> [Task] Give the records again exactly, but drop the pictures.

(Source records)
_ _ _
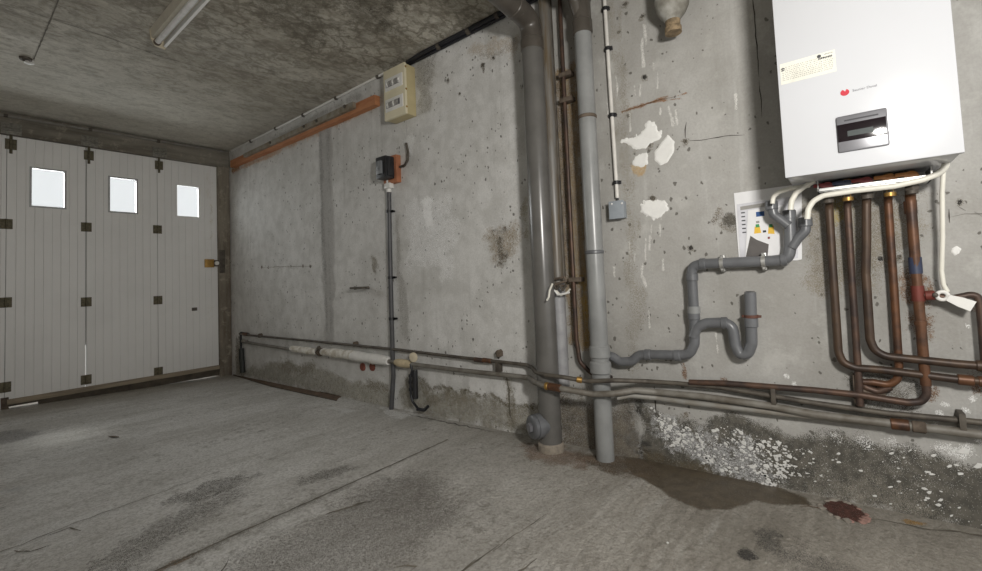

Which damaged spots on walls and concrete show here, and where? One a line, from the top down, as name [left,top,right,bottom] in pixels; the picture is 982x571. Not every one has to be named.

leakage [482,196,530,267]
crack [142,371,518,571]
crack [461,513,548,571]
leakage [235,336,982,529]
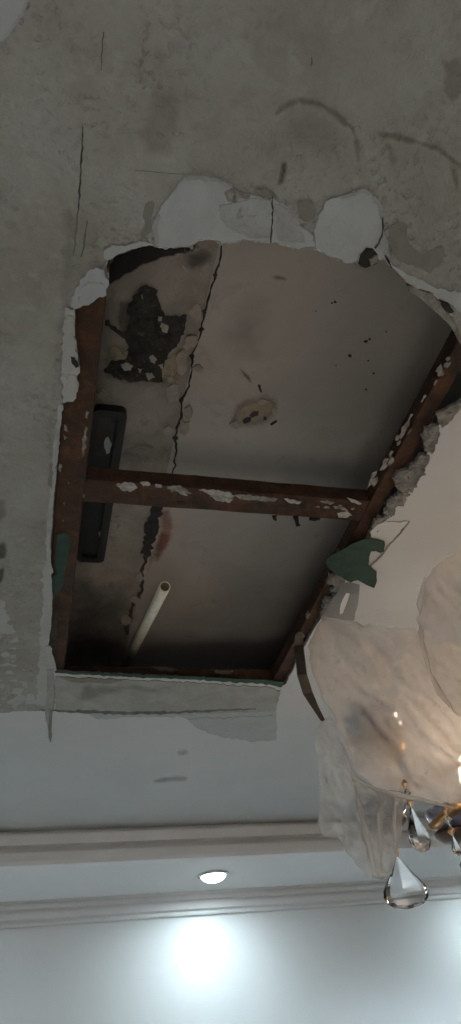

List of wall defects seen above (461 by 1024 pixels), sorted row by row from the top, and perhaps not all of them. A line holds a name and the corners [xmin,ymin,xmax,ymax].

crack [73,127,88,257]
crack [268,196,276,243]
crack [163,246,222,474]
peeling [0,174,461,742]
crack [121,506,163,635]
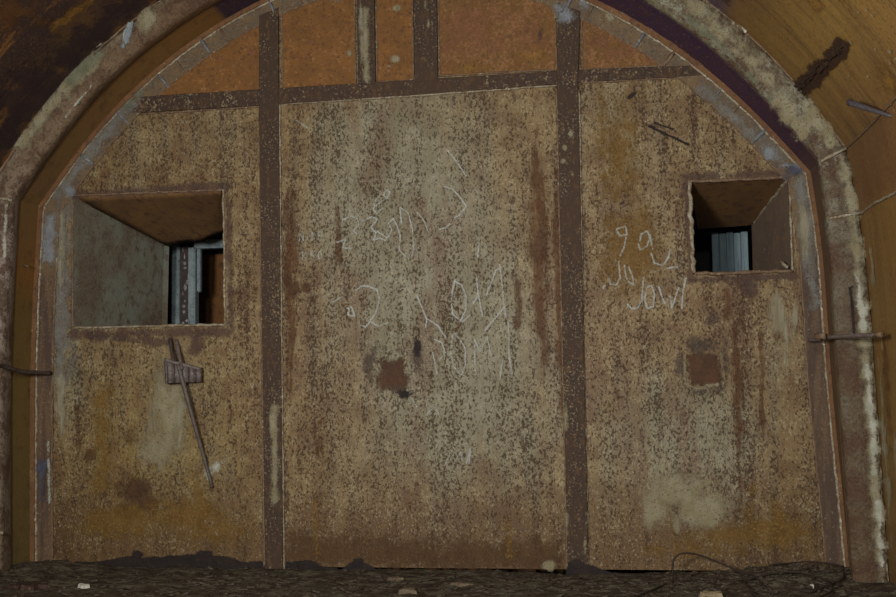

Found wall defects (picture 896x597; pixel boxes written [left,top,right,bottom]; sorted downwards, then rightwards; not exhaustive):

peeling [686,0,851,149]
rust [530,151,562,371]
rust [363,340,421,398]
rust [674,302,742,449]
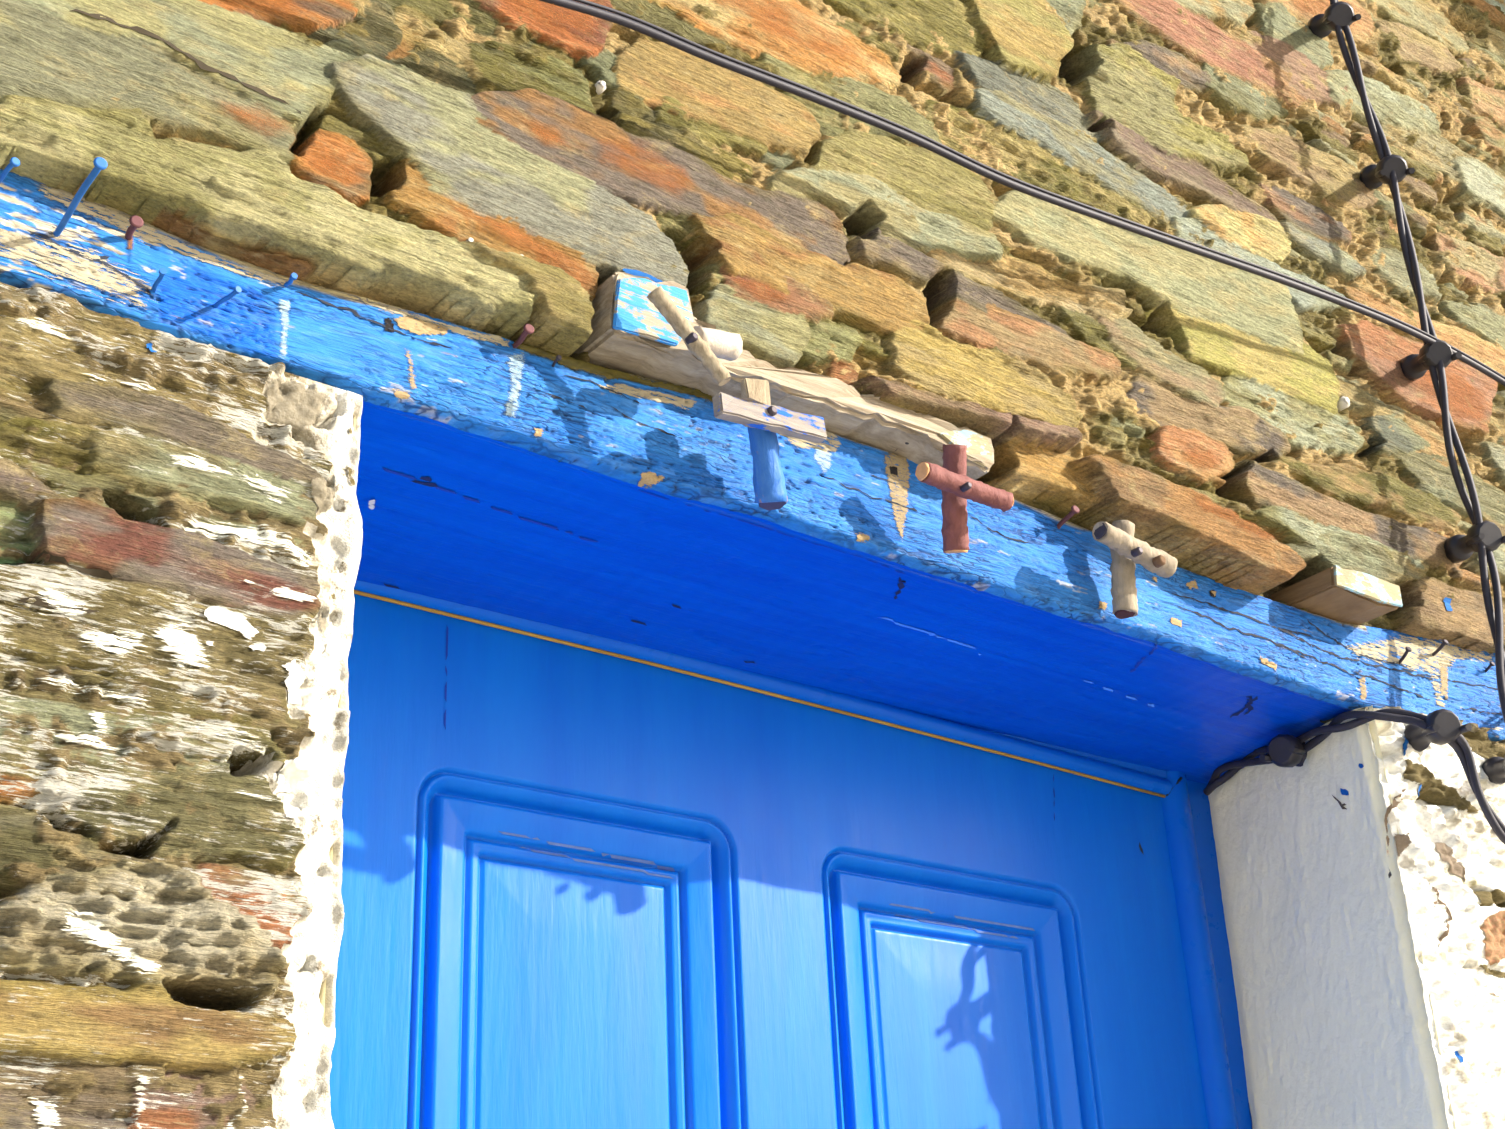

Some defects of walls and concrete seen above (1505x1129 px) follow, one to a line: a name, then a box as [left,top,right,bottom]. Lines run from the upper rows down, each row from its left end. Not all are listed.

peeling [0,228,158,310]
peeling [36,184,286,288]
peeling [367,303,510,347]
peeling [600,383,697,410]
peeling [170,448,292,504]
peeling [181,511,311,567]
peeling [39,582,267,671]
peeling [245,579,335,633]
peeling [1344,635,1494,707]
peeling [35,675,153,755]
peeling [1403,759,1479,813]
peeling [1435,842,1505,978]
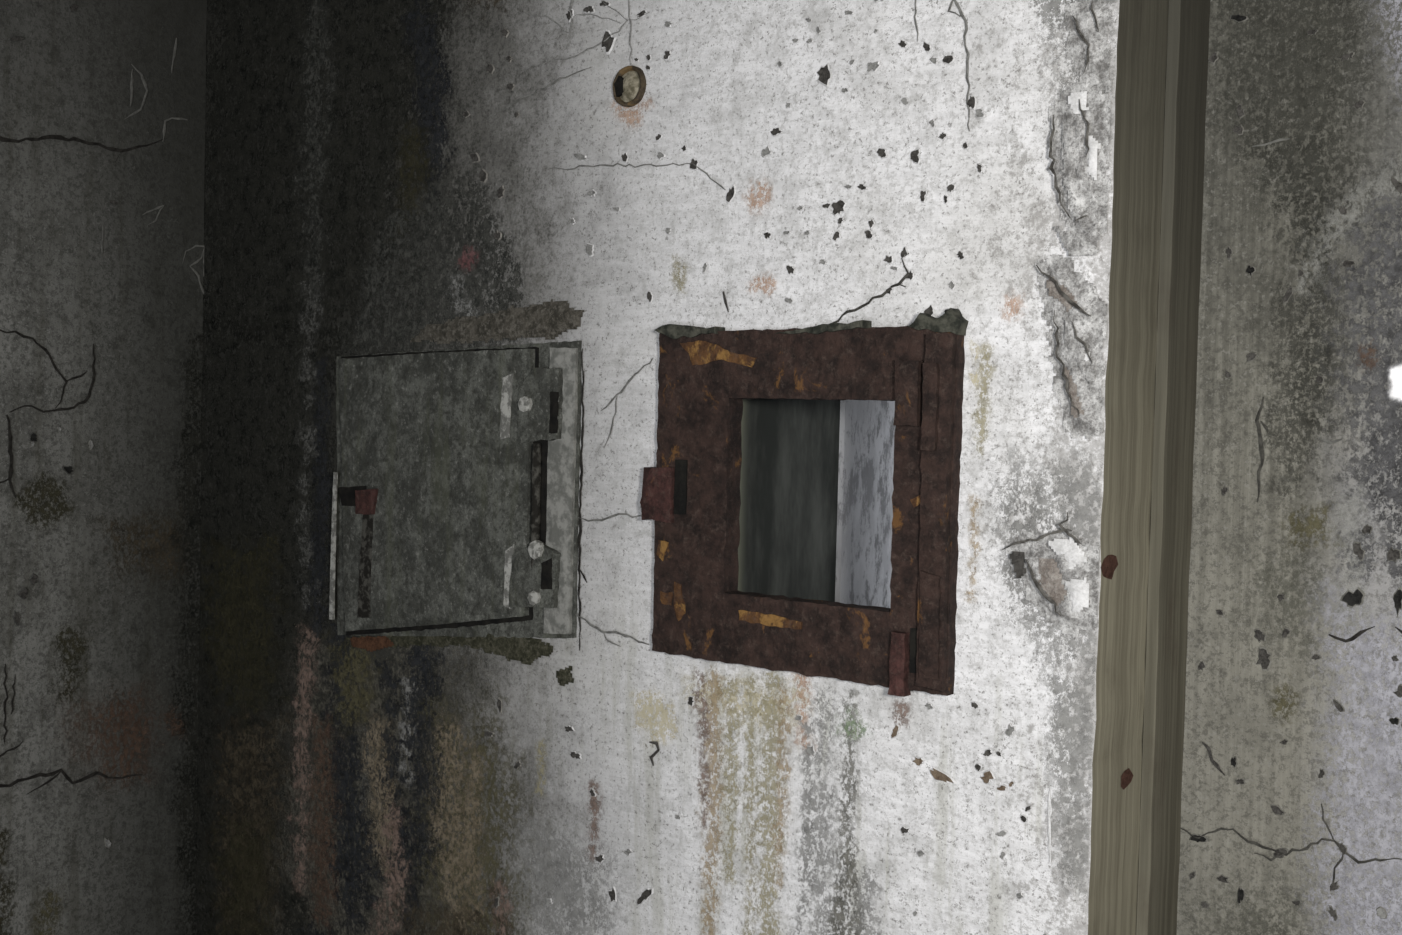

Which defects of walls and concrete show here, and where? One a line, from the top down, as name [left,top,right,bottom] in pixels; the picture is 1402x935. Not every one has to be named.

crack [914,0,970,131]
crack [830,253,909,324]
corrosion [680,341,757,367]
crack [0,330,96,498]
leakage [170,0,606,935]
corrosion [656,540,669,561]
corrosion [660,581,686,621]
corrosion [738,610,802,629]
crack [0,664,142,794]
leakage [892,703,909,726]
leakage [796,692,880,935]
crack [1180,804,1402,887]
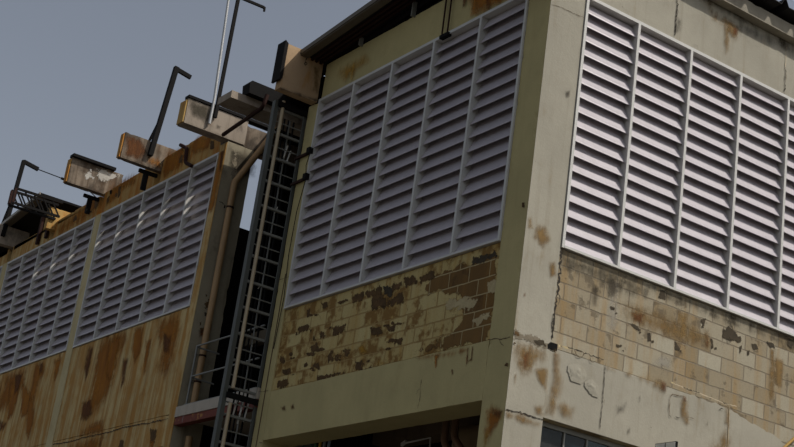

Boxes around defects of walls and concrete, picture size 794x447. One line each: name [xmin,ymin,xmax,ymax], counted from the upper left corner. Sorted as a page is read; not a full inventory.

corrosion [463,0,501,13]
spalling [59,169,135,234]
corrosion [126,137,145,158]
corrosion [152,136,224,211]
damp [530,220,549,245]
corrosion [0,363,44,438]
corrosion [76,316,178,447]
peeling [277,352,295,389]
peeling [295,302,371,381]
peeling [337,250,497,352]
damp [631,308,717,343]
damp [722,316,742,343]
_ _ _
> [Output below]
Which damaged spots on walls and concrete show here, and where? One a line, from the top down, as name [left,top,right,bottom] in pixels; the picture is 982x571. Not every one has to be named.

leakage [482,196,530,267]
crack [142,371,518,571]
crack [461,513,548,571]
leakage [235,336,982,529]

List of wall defects seen above (461 by 1024 pixels), sorted row by row from the top, and perhaps not all of them. A line holds a name and the corners [xmin,ymin,xmax,ymax].

crack [73,127,88,257]
crack [268,196,276,243]
crack [163,246,222,474]
peeling [0,174,461,742]
crack [121,506,163,635]

Found wall defects (picture 896x597; pixel boxes written [left,top,right,bottom]; sorted downwards, then rightwards; not exhaustive):

peeling [686,0,851,149]
rust [530,151,562,371]
rust [363,340,421,398]
rust [674,302,742,449]

Some defects of walls and concrete seen above (1505x1129 px) follow, one to a line: a name, then a box as [left,top,right,bottom]. Lines run from the upper rows down, each row from its left end. Not all are listed.

peeling [0,228,158,310]
peeling [36,184,286,288]
peeling [367,303,510,347]
peeling [600,383,697,410]
peeling [170,448,292,504]
peeling [181,511,311,567]
peeling [39,582,267,671]
peeling [245,579,335,633]
peeling [1344,635,1494,707]
peeling [35,675,153,755]
peeling [1403,759,1479,813]
peeling [1435,842,1505,978]

Which defects of walls and concrete show here, and where? One a line, from the top down, as name [left,top,right,bottom] in pixels; the picture is 1402x935. Not every one has to be named.

crack [914,0,970,131]
crack [830,253,909,324]
corrosion [680,341,757,367]
crack [0,330,96,498]
leakage [170,0,606,935]
corrosion [656,540,669,561]
corrosion [660,581,686,621]
corrosion [738,610,802,629]
crack [0,664,142,794]
leakage [892,703,909,726]
leakage [796,692,880,935]
crack [1180,804,1402,887]

Boxes around defects of walls and concrete, picture size 794x447. One line each: name [xmin,ymin,xmax,ymax], counted from the upper left corner. Sorted as a page is read; not a full inventory.

corrosion [463,0,501,13]
spalling [59,169,135,234]
corrosion [126,137,145,158]
corrosion [152,136,224,211]
damp [530,220,549,245]
corrosion [0,363,44,438]
corrosion [76,316,178,447]
peeling [277,352,295,389]
peeling [295,302,371,381]
peeling [337,250,497,352]
damp [631,308,717,343]
damp [722,316,742,343]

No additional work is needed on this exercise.